INTERFACIAL TRANSFER KINETICS OF NO2 INTO PULMONARY EPITHELIAL LINING FLUID

Previous studies, both in intact lungs and epithelial lining fluid (ELF) (J. Appl. Physiol. 68: 594-603, 1990 and J. Appl. Physiol. 69: 523-531, 1990), have suggested that the steady-state absorption of inhaled NO2 is mediated by chemical reaction(s) between NO2 and ELF solute reactants. To characterize the kinetics of NO2 absorption into aqueous biological substrates across a gas-liquid interface, we utilized a closed system of known geometry and initial gas phase [NO2] {([NO2]g)0} to expose ELF (as bronchoalveolar lavage; BAL) and a biochemical model system (glutathione, GSH). Assessments of NO2 reactive uptake, into both GSH and ELF, indicated first-order NO2 kinetics {([NO2]g)0 less-than-or-equal-to 10.5 ppm} with effective rate constants of (k(NO2))GSH = 4.8 and (k(NO2))BAL = 2.9 ml.min-1.cm-2 (stirred).

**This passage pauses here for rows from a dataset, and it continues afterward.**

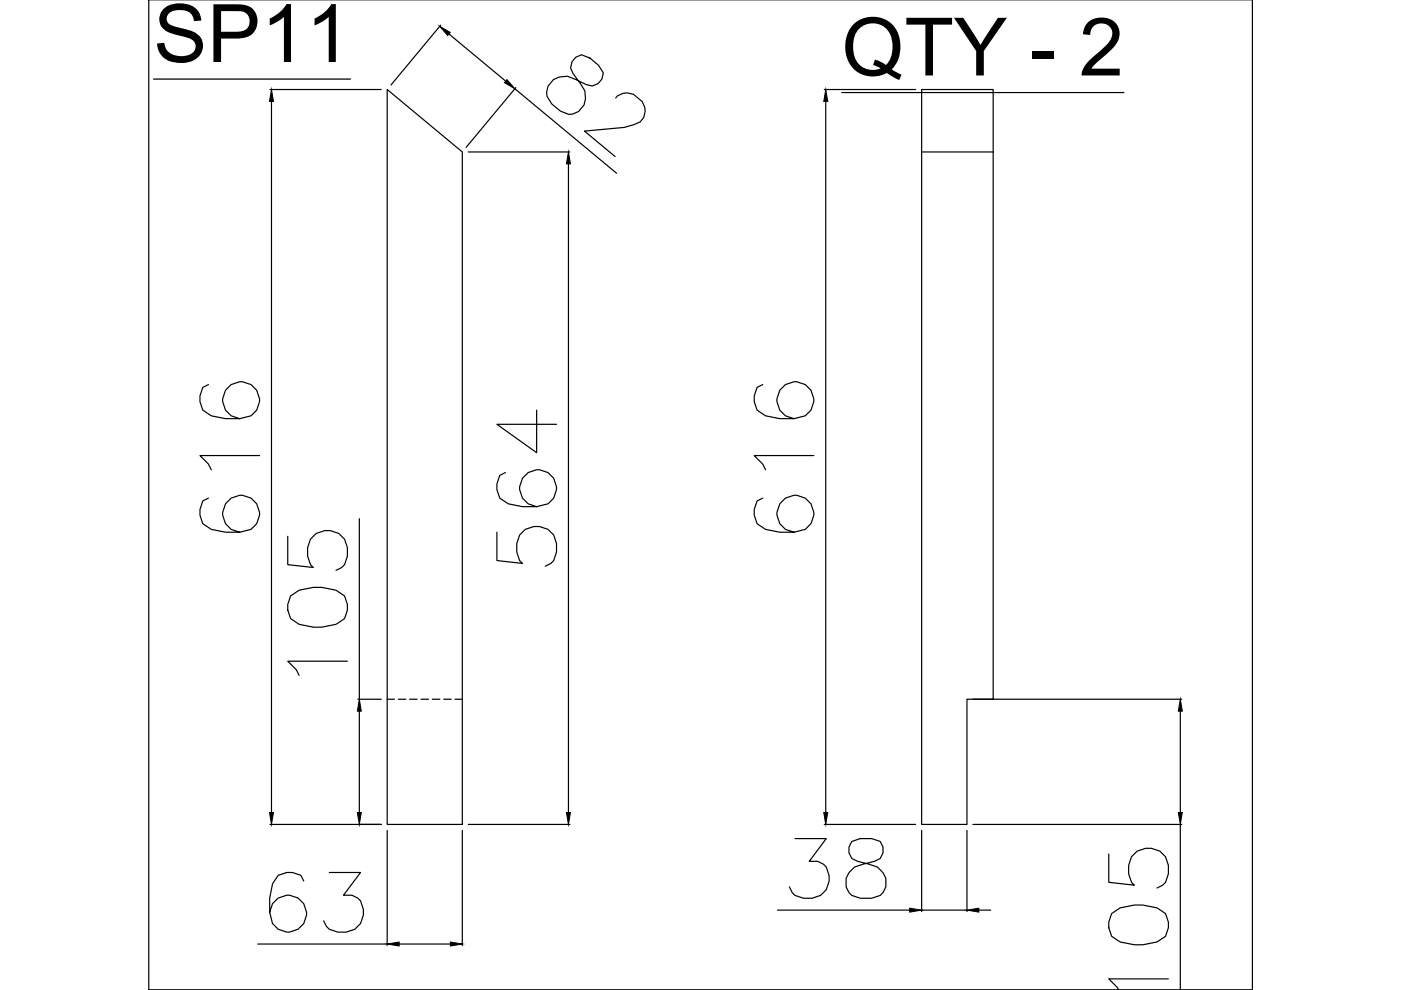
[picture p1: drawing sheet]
<svg xmlns="http://www.w3.org/2000/svg" width="297mm" height="210mm" viewBox="0 0 297 210" stroke-linecap="round" stroke-linejoin="round" font-family="sans-serif">
<defs><g id="words">
<g font-size="17.1">
<text x="32.5" y="13.1">SP11</text>
<text x="178.5" y="16">QTY - 2</text>
</g>
</g></defs>
<!-- layer: 0 -->
<g fill="none" stroke="#000" stroke-width=".25">
<path d="M31.5 -.1v210h234.1v-210v210M32.5 16.8h41.8M57.2 19h23.6M82.1 19l15.9 13.2v142.6h-15.9zM93.4 5.3l-10.5 12.7M95.2 7.2l12 10M109.2 18.8l21.5 17.9M109.4 18.6l-10.6 12.6M122.1 12.2l-.8 .9-.3 1.3 .5 1.2 1.5 2a3.9 3.9 0 0 1-1.5 6.6l-.9 .1-1.8-.7-1.8-1.6a3.3 3.3 0 0 1-1-3.3 3.3 3.3 0 0 1 2.6-2.4l1.7-.1 4 1.7a2.56 2.56 0 0 0 3.6-2.4l-1-1.7-1.8-1.5-1.8-.7zM174.8 19h19.3M178.5 19.6h59.8M195.4 19h15.2v129.3h-5.6v26.5h-9.6z"/>
<path d="M57.6 21.5v150.8M99.3 32.2h21.5M120.5 34.7v137.6M130.5 20.8a3.2 3.2 0 0 1 3.8-.8l1.9 1.5a3.1 3.1 0 0 1-1.7 4.9l-2.1 .6-8.5 .8 6.5 5.4M175.1 21.5v150.8M195.4 32.2h15.2M44.2 81.5l-1.2 .6-.6 1.9v1.2l.6 1.8 1.8 1.2 3 .6h3l2.4-.6a3.9 3.9 0 0 0 .4-6.4 3.9 3.9 0 0 0-6.1 1.6 3.9 3.9 0 0 0 3.3 5.4M55 96.6h-12.6l1.8 1.8 .6 1.2M113.8 87v9l-8.4-6h12.6M161.7 81.5l-1.2 .6-.6 1.9v1.2l.6 1.8 1.8 1.2 3 .6h3l2.4-.6a3.9 3.9 0 0 0 .4-6.4 3.9 3.9 0 0 0-6.1 1.6 3.9 3.9 0 0 0 3.3 5.4M172.5 96.6h-12.6l1.8 1.8 .6 1.2M44.2 105.6l-1.2 .6-.6 1.8v1.2l.6 1.8 1.8 1.2 3 .6h3l2.4-.6a3.9 3.9 0 0 0 .4-6.3 3.9 3.9 0 0 0-6.1 1.6 3.9 3.9 0 0 0 3.3 5.3"/>
<path d="M61 113.7v6l5.4 .6-.6-.6a5.2 5.2 0 0 1 1.2-6.6 4.6 4.6 0 0 1 6.1 1.2l.6 1.8v1.8l-.6 1.8-.7 .6-1.2 .6M76.2 110v38.3M105.4 112.8v6.1l5.4 .6-.6-.6-.6-1.8v-1.9a4.3 4.3 0 0 1 5.1-3.5 4.3 4.3 0 0 1 3.3 5.4l-.6 1.8-.6 .6-1.2 .6M107.2 100.2l-1.2 .6-.6 1.8v1.2l.6 1.8 1.8 1.2 3 .6h3l2.4-.6a3.9 3.9 0 0 0 .4-6.3 3.9 3.9 0 0 0-6.2 1.5 3.9 3.9 0 0 0 3.4 5.4M161.7 105.6l-1.2 .6-.6 1.8v1.2l.6 1.8 1.8 1.2 3 .6h3l2.4-.6a3.9 3.9 0 0 0 .4-6.3 3.9 3.9 0 0 0-6.1 1.6 3.9 3.9 0 0 0 3.3 5.3M61.6 126.3l1.8-1.2 3-.6h1.8l3 .6 1.9 1.2 .6 1.9v1.2l-.6 1.8-1.9 1.2-3 .6h-1.8l-3-.6-1.8-1.2-.6-1.8v-1.2zM73.7 140.2h-12.7l1.8 1.8 .6 1.2M75.9 148.3h4.9M76.2 150.8v21.5M206.3 148.3h44.3M250.2 150.8v21.5M57.2 174.8h23.6"/>
<path d="M82.1 176.1v24.4M98 176.1v24.4M99.3 174.8h21.5M168.6 177.8h6.6l-3.6 4.8a3.3 3.3 0 0 1 4.2 3 4.1 4.1 0 0 1-3.6 4.9h-1.8l-1.8-.7-.6-.6-.6-1.2M174.8 174.8h19.3M180.6 178.4a2.55 2.55 0 0 0 1.2 4.2l2.4 .6a3.9 3.9 0 0 1 3 6l-.6 .6-1.8 .7h-2.4a3.3 3.3 0 0 1-2.9-2 3.3 3.3 0 0 1 .5-3.5l1.2-1.2 4.2-1.2a2.56 2.56 0 0 0 1.2-4.2l-1.8-.6h-2.4zM195.4 176.1v17.2M205 176.1v17.2M206.3 174.8h44.3M250.2 174.8v35.1M64.4 186.8l-.6-1.2-1.8-.6h-1.2l-1.8 .6-1.2 1.8-.6 3v3l.6 2.4a3.9 3.9 0 0 0 6.3 .4 3.9 3.9 0 0 0-1.5-6.1 3.9 3.9 0 0 0-5.4 3.3M69.8 185h6.6l-3.6 4.8a3.4 3.4 0 0 1 4.2 4.2l-.6 1.8-1.2 1.2-1.8 .6h-1.8l-1.8-.6-.6-.6-.6-1.2"/>
<path d="M164.8 193h28.1M195.4 193h9.6M207.5 193h2.6M235.1 181.1v6l5.4 .6-.6-.6-.6-1.8a4.4 4.4 0 0 1 4.2-5.5 4.4 4.4 0 0 1 4.2 5.5l-.6 1.8-.6 .6-1.2 .6M235.7 193.7l1.8-1.2 3-.6h1.8l3 .6 1.8 1.2 .6 1.8v1.2l-.6 1.8-1.8 1.2-3 .6h-1.8l-3-.6-1.8-1.2-.6-1.8v-1.2zM31.5 209.9h234.1M54.6 200.2h27.5M84.6 200.2h10.9M247.7 207.5h-12.6l1.8 1.9 .3 .5M265.6 209.9h.1"/>
</g>
<!-- layer: HIDDEN -->
<path d="M82.1 148.3h1.5M84.4 148.3h1.6M86.8 148.3h1.7M89.3 148.3h1.6M91.7 148.3h1.6M94.1 148.3h1.6M96.5 148.3h1.5" fill="none" stroke="#000" stroke-width=".25"/>
<!-- layer: 0 -->
<g fill="#000" stroke="#000" stroke-width=".21">
<path d="M93.2 5.6l2.2 1.3-.5 .6zM107.5 16.9l1.7 1.9-2.2-1.3zM57.6 19l.4 2.5h-.9zM120.5 32.2l.4 2.5h-.8zM175.1 19l.4 2.5h-.8zM76.2 148.3l.4 2.5h-.8zM250.2 148.3l.5 2.5h-.9zM57.1 172.3h.9l-.4 2.5zM75.8 172.3h.8l-.4 2.5zM120.1 172.3h.8l-.4 2.5zM174.7 172.3h.8l-.4 2.5zM249.8 172.3h.9l-.5 2.5z"/>
<path d="M82.1 200.2l2.5-.5v.9zM95.5 199.7l2.5 .5-2.5 .4zM192.9 192.6l2.5 .4-2.5 .4zM205 193l2.5-.4v.8z"/>
</g>
<use href="#words"/>
</svg>

Above 10.5 ppm (1 mM GSH), zero-order kinetics were observed. Both (k(NO2))GSH and (k(NO2))BAL showed aqueous reactant dependence. The reaction order with respect to GSH and BAL was 0.47 and 0.64, respectively. We found no effect of interfacial surface area or bulk phase volume on k(NO2). In unstirred systems, significant interfacial resistance was observed and was related to reactant concentration. These results indicate that NO2 reactive uptake follows first-order kinetics with respect to NO2 ([NO2]g less-than-or-equal-to 10.5 ppm) and displays aqueous substrate dependence. Furthermore the site of reactive absorption appears to be limited to near the aqueous surface interface. Unstirred conditions confine interfacial mass transfer kinetics in a dose-dependent manner. These phenomenological coefficients may provide the basis for direct extrapolation to environmentally relevant exposure concentrations.